GIVEN RECORDS ::
▼

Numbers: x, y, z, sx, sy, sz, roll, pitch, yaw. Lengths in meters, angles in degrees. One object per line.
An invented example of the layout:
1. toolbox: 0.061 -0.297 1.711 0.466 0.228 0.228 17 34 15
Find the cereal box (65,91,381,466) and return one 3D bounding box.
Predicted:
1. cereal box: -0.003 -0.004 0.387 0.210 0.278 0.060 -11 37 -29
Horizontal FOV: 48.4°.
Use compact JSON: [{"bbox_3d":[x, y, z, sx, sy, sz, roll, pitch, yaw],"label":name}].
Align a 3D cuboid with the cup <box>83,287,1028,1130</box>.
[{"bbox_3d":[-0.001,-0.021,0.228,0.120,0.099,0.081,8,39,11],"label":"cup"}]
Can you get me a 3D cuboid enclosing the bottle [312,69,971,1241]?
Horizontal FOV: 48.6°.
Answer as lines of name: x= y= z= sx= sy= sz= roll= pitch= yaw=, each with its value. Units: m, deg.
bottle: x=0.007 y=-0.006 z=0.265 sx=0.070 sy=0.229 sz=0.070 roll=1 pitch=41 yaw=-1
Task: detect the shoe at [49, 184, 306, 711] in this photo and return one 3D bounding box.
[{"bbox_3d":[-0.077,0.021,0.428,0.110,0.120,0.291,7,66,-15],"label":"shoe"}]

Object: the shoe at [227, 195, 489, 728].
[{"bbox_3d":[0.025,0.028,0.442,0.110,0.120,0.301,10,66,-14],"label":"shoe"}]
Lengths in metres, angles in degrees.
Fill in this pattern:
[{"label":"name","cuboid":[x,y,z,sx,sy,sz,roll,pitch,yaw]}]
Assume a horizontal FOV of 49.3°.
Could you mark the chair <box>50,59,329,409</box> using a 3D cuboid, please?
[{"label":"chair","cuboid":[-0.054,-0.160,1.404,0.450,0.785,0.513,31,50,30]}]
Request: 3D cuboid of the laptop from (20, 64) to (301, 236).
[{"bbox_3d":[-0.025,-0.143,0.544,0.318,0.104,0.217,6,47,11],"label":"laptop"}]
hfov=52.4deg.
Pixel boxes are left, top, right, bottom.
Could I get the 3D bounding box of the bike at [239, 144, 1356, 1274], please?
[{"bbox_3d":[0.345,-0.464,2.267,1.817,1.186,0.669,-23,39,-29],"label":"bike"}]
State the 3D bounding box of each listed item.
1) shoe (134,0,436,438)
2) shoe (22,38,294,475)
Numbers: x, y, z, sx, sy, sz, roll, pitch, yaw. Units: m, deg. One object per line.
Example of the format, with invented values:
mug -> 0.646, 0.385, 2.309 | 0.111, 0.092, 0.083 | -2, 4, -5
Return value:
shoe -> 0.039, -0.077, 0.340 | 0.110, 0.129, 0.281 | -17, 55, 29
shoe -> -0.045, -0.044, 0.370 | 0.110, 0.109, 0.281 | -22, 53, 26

▲

WHAT IS NEEDED :: The whole listing should be copied verbatim.

YOUR RESPONSE ::
Numbers: x, y, z, sx, sy, sz, roll, pitch, yaw. Lengths in meters, angles in degrees. One object per line.
An invented example of the layout:
1. toolbox: 0.061 -0.297 1.711 0.466 0.228 0.228 17 34 15
Find the cereal box (65,91,381,466) and return one 3D bounding box.
Predicted:
1. cereal box: -0.003 -0.004 0.387 0.210 0.278 0.060 -11 37 -29
Horizontal FOV: 48.4°.
Use compact JSON: [{"bbox_3d":[x, y, z, sx, sy, sz, roll, pitch, yaw],"label":name}].
Align a 3D cuboid with the cup <box>83,287,1028,1130</box>.
[{"bbox_3d":[-0.001,-0.021,0.228,0.120,0.099,0.081,8,39,11],"label":"cup"}]
Can you get me a 3D cuboid enclosing the bottle [312,69,971,1241]?
Horizontal FOV: 48.6°.
Answer as lines of name: x= y= z= sx= sy= sz= roll= pitch= yaw=, each with its value. Units: m, deg.
bottle: x=0.007 y=-0.006 z=0.265 sx=0.070 sy=0.229 sz=0.070 roll=1 pitch=41 yaw=-1
Task: detect the shoe at [49, 184, 306, 711] in this photo and return one 3D bounding box.
[{"bbox_3d":[-0.077,0.021,0.428,0.110,0.120,0.291,7,66,-15],"label":"shoe"}]

Object: the shoe at [227, 195, 489, 728].
[{"bbox_3d":[0.025,0.028,0.442,0.110,0.120,0.301,10,66,-14],"label":"shoe"}]
Lengths in metres, angles in degrees.
Fill in this pattern:
[{"label":"name","cuboid":[x,y,z,sx,sy,sz,roll,pitch,yaw]}]
Assume a horizontal FOV of 49.3°.
Could you mark the chair <box>50,59,329,409</box> using a 3D cuboid, please?
[{"label":"chair","cuboid":[-0.054,-0.160,1.404,0.450,0.785,0.513,31,50,30]}]
Request: 3D cuboid of the laptop from (20, 64) to (301, 236).
[{"bbox_3d":[-0.025,-0.143,0.544,0.318,0.104,0.217,6,47,11],"label":"laptop"}]
hfov=52.4deg.
Pixel boxes are left, top, right, bottom.
Could I get the 3D bounding box of the bike at [239, 144, 1356, 1274], please?
[{"bbox_3d":[0.345,-0.464,2.267,1.817,1.186,0.669,-23,39,-29],"label":"bike"}]
State the 3D bounding box of each listed item.
1) shoe (134,0,436,438)
2) shoe (22,38,294,475)
Numbers: x, y, z, sx, sy, sz, roll, pitch, yaw. Units: m, deg. One object per line.
Example of the format, with invented values:
mug -> 0.646, 0.385, 2.309 | 0.111, 0.092, 0.083 | -2, 4, -5
Return value:
shoe -> 0.039, -0.077, 0.340 | 0.110, 0.129, 0.281 | -17, 55, 29
shoe -> -0.045, -0.044, 0.370 | 0.110, 0.109, 0.281 | -22, 53, 26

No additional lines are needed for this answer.